Syk w ciemnościach
Po uczcie sam poszedł pod gabinet dyrektora. Najgorszą przeszkodę stanowił jednak gargulec, który nie chciał go wpuścić. Harry, mimo prób, nie był w stanie odgadnąć hasła.
– Cytrynowe dropsy. – Nic się nie wydarzyło. Przestąpił z nogi na nogę. – Lukrecjowe pałeczki. Kociołkowe pieguski. – Gargulec ani drgnął. – Czekoladowa żaba. Fasolki wszystkich smaków. – Ze złości uderzył martwy kamień, przez co zabolała go tylko dłoń. – Cholera – mruknął.

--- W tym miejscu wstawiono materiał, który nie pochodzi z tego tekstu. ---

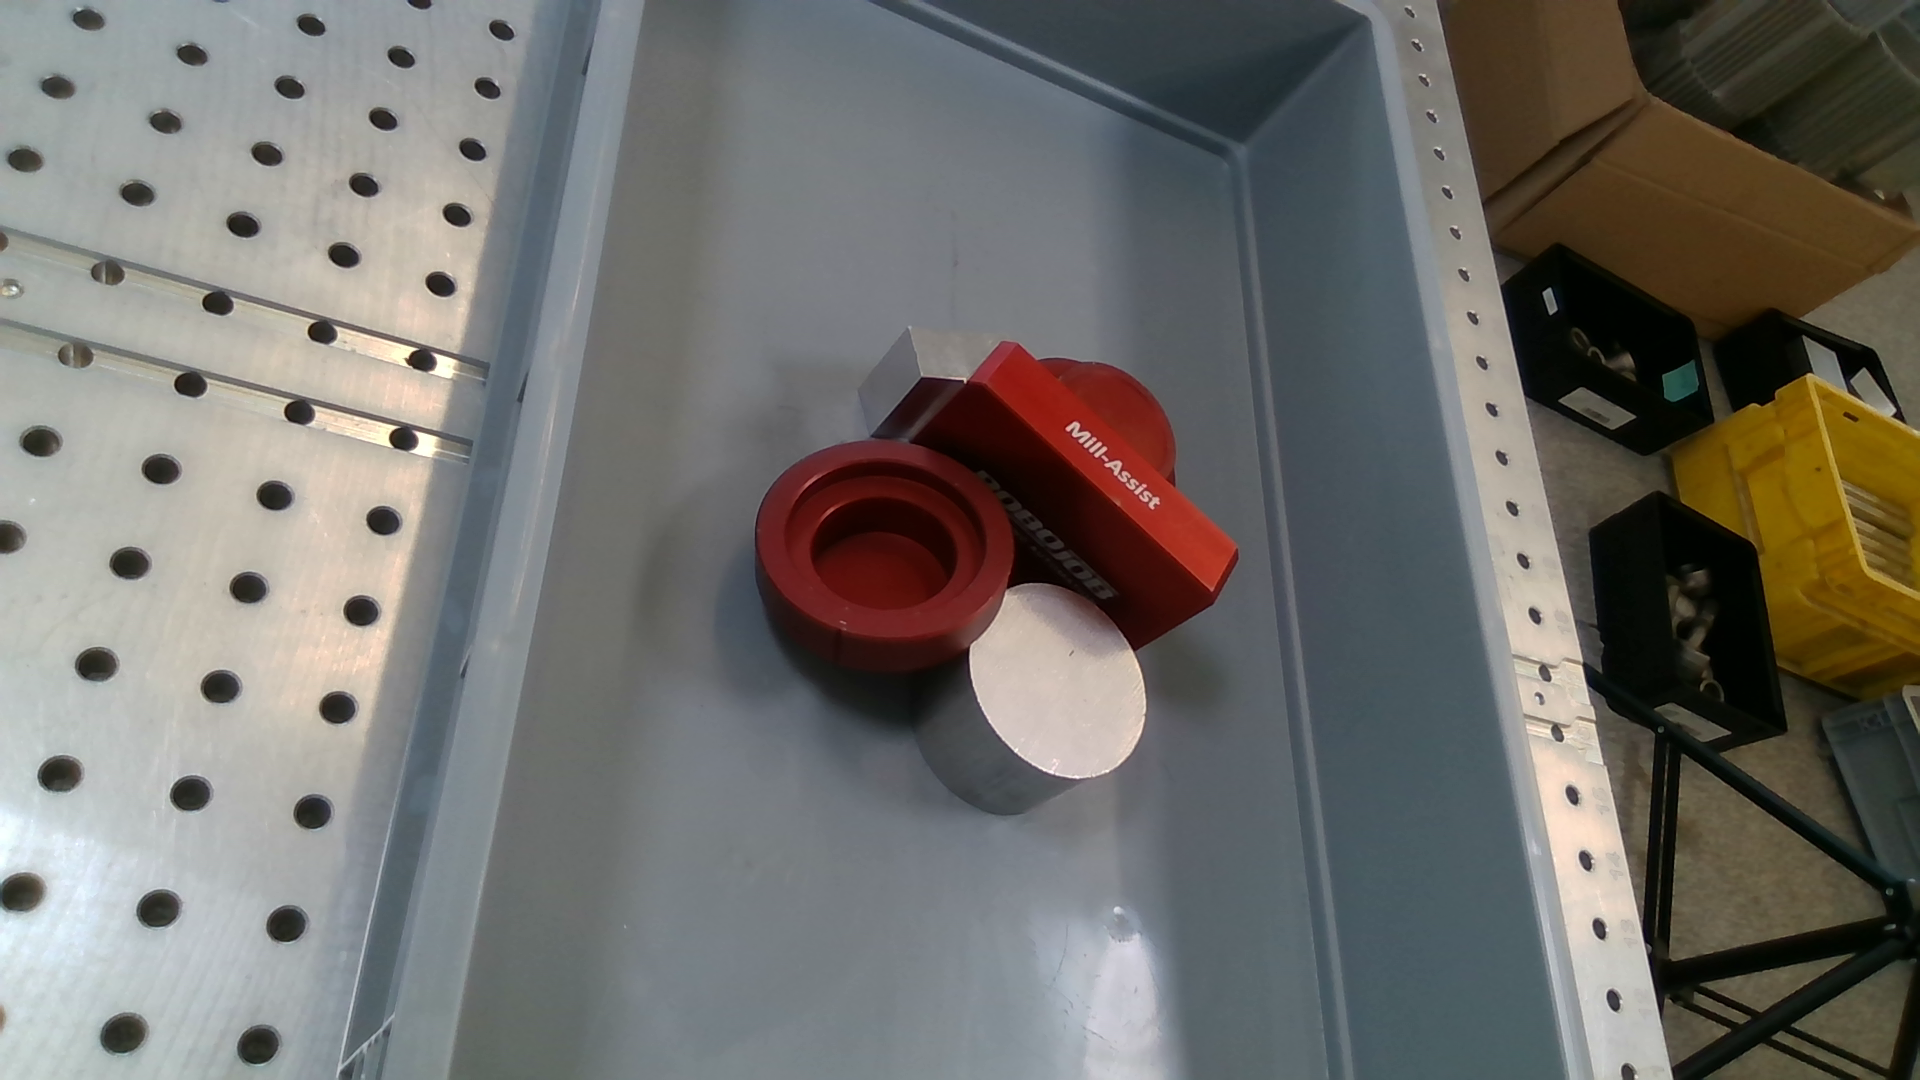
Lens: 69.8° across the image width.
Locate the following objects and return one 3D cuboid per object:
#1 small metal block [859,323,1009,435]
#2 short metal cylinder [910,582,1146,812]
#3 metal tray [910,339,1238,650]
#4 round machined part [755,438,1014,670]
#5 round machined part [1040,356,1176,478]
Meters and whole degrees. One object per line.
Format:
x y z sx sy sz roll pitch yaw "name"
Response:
-0.009 -0.068 0.599 0.050 0.050 0.025 -1 66 -32 "small metal block"
0.027 0.063 0.551 0.080 0.050 0.080 14 59 -25 "short metal cylinder"
0.039 -0.011 0.572 0.130 0.090 0.030 42 51 -6 "metal tray"
-0.030 0.010 0.535 0.098 0.042 0.098 5 51 -6 "round machined part"
0.060 -0.043 0.633 0.098 0.042 0.098 14 59 -25 "round machined part"

Szczęście uśmiechnęło się do niego, bo właśnie z gabinetu wyszedł Dumbledore. Zdziwił się na widok Harry'ego, który nieświadomie ciskał gromy z oczu w jego kierunku.
– Stało się coś, mój chłopcze? – zapytał Dumbledore ze swoim dobrotliwym uśmiechem.
Harry kiwnął głową.
– Potrzebuję z panem porozmawiać, profesorze – powiedział tak spokojnie, jak tylko potrafił, chociaż złość aż huczała w jego ciele. Miał ochotę dać jej ujście, najlepiej wyżyć się na dyrektorze, który ot tak decydował sobie o jego życiu. Nie mógł jednak tego zrobić, a przynajmniej nie na korytarzu.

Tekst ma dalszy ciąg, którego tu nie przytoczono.